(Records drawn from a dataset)
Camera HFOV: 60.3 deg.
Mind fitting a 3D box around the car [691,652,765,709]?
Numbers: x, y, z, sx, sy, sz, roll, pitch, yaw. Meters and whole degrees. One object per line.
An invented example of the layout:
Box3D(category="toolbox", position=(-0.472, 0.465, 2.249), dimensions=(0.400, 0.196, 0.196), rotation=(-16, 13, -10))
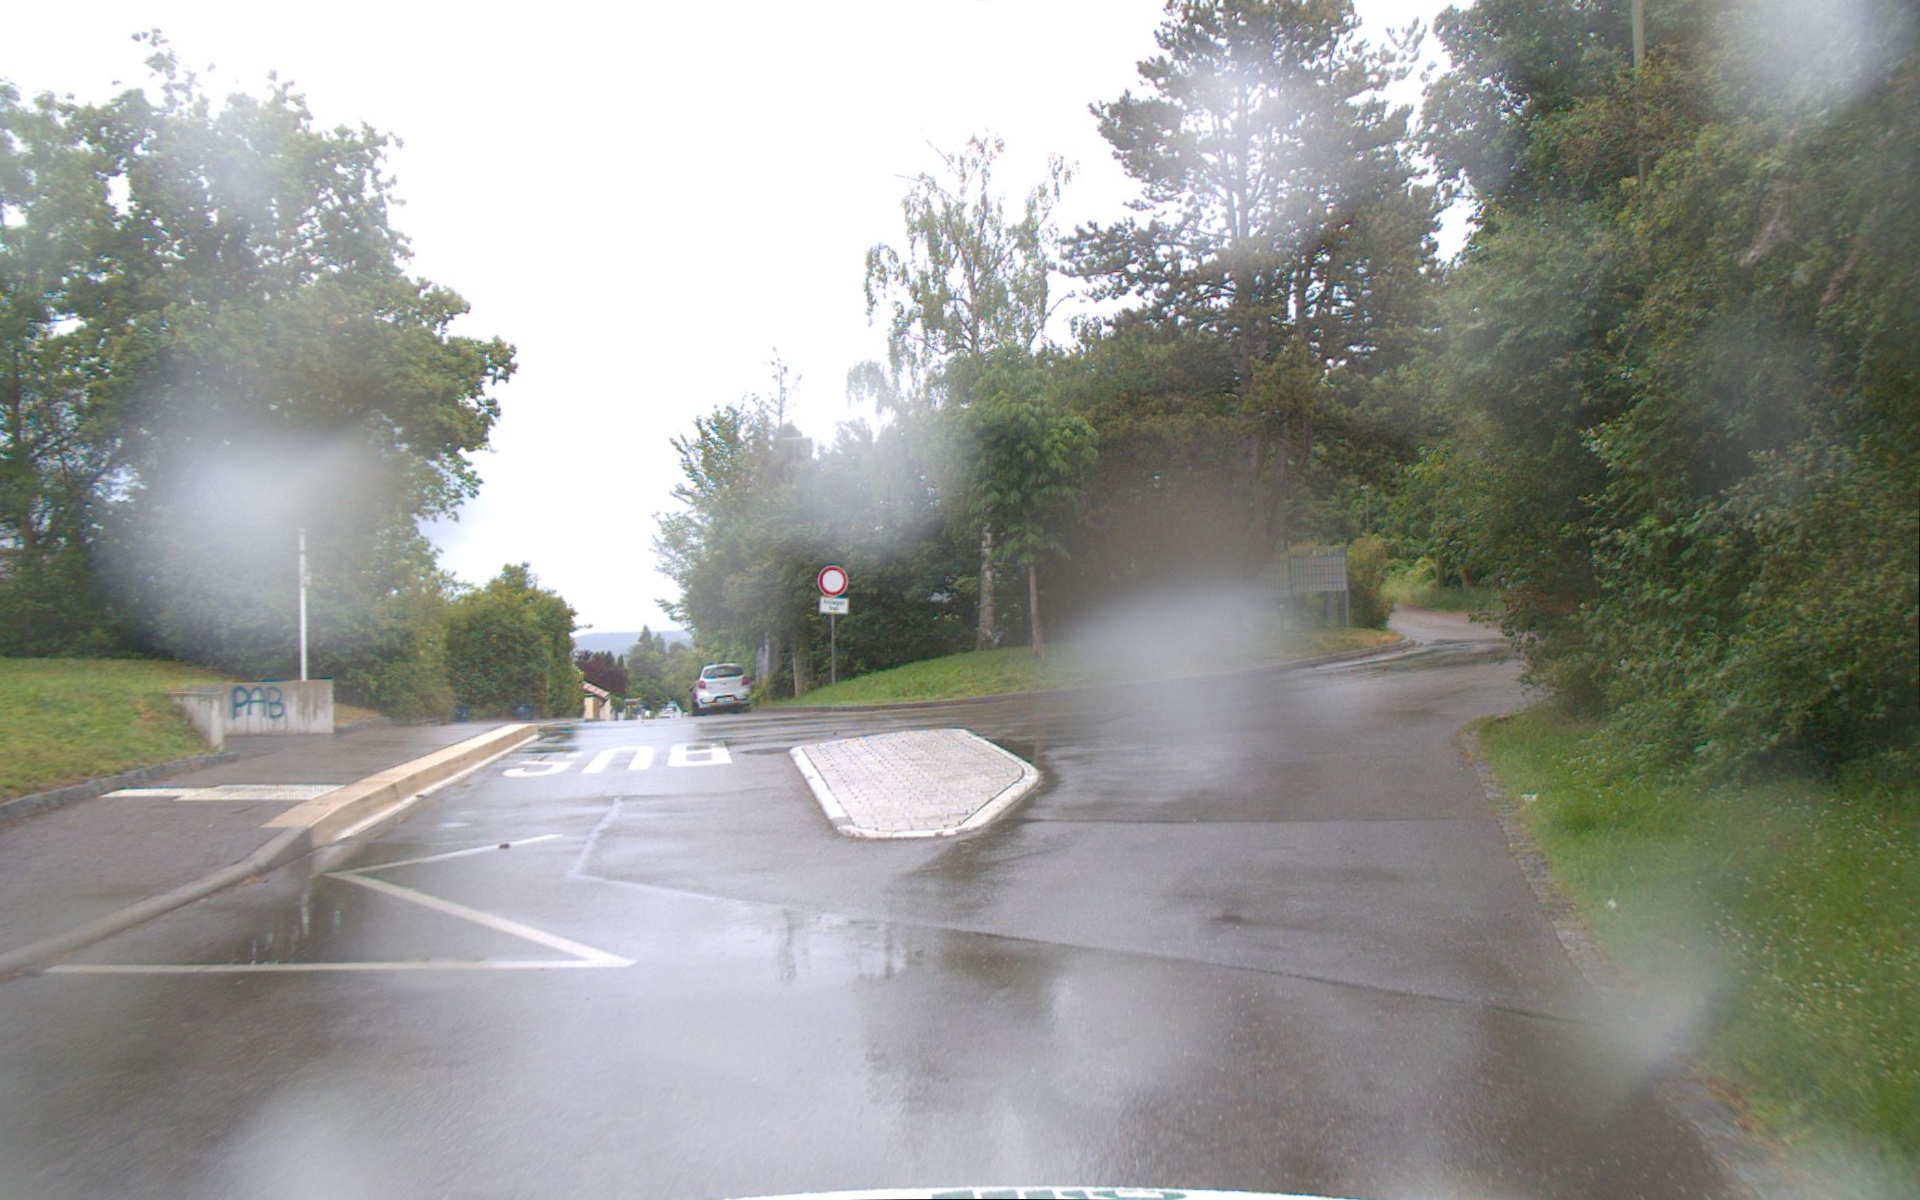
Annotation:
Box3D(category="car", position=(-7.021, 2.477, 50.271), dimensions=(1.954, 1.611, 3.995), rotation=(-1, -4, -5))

* * *

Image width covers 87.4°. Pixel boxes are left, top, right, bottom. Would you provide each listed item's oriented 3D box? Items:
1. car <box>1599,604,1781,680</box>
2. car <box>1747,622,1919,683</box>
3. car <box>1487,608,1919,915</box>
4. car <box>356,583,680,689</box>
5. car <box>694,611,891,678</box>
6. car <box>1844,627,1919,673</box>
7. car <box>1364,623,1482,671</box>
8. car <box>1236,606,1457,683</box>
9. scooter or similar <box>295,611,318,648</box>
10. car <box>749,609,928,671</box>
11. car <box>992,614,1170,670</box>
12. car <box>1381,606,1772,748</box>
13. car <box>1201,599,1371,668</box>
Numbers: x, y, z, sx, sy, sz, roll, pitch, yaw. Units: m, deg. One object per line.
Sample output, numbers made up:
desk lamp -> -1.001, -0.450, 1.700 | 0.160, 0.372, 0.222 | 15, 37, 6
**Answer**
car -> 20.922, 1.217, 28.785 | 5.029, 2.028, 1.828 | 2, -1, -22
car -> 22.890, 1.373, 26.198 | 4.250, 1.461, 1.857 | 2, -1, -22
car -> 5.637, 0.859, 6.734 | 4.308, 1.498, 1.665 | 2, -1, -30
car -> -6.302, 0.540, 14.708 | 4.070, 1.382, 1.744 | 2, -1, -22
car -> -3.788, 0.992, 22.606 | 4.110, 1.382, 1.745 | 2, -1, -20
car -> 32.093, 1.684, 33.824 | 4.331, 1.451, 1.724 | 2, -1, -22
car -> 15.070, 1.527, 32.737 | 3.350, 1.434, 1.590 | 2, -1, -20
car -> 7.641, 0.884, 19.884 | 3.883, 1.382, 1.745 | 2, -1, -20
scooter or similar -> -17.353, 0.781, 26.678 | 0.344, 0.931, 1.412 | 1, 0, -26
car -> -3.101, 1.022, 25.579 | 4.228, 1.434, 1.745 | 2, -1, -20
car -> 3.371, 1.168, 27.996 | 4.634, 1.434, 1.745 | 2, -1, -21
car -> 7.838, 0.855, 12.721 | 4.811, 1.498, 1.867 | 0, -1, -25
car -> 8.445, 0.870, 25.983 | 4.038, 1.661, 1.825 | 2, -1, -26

* * *

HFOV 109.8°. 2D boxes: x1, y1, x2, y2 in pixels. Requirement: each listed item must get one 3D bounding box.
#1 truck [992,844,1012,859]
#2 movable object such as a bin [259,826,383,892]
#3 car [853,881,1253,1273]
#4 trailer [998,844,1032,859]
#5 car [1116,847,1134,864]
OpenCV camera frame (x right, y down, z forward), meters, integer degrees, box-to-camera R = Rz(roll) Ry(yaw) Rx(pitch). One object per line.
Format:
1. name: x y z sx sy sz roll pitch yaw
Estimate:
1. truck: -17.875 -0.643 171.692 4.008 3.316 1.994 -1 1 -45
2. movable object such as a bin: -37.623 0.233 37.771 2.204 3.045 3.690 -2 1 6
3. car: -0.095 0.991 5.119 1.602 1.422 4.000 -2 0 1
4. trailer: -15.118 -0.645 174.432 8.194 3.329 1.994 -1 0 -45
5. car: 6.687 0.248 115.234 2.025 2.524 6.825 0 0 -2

> [TASK GOAL]
Set down only the lines above that fall between the line holding "Image width covers" and the line holding "desk lamp ->", inclusive, keeping each exact.

> [WRITTEN RESPONSE]
Image width covers 87.4°. Pixel boxes are left, top, right, bottom. Would you provide each listed item's oriented 3D box? Items:
1. car <box>1599,604,1781,680</box>
2. car <box>1747,622,1919,683</box>
3. car <box>1487,608,1919,915</box>
4. car <box>356,583,680,689</box>
5. car <box>694,611,891,678</box>
6. car <box>1844,627,1919,673</box>
7. car <box>1364,623,1482,671</box>
8. car <box>1236,606,1457,683</box>
9. scooter or similar <box>295,611,318,648</box>
10. car <box>749,609,928,671</box>
11. car <box>992,614,1170,670</box>
12. car <box>1381,606,1772,748</box>
13. car <box>1201,599,1371,668</box>
Numbers: x, y, z, sx, sy, sz, roll, pitch, yaw. Units: m, deg. One object per line.
Sample output, numbers made up:
desk lamp -> -1.001, -0.450, 1.700 | 0.160, 0.372, 0.222 | 15, 37, 6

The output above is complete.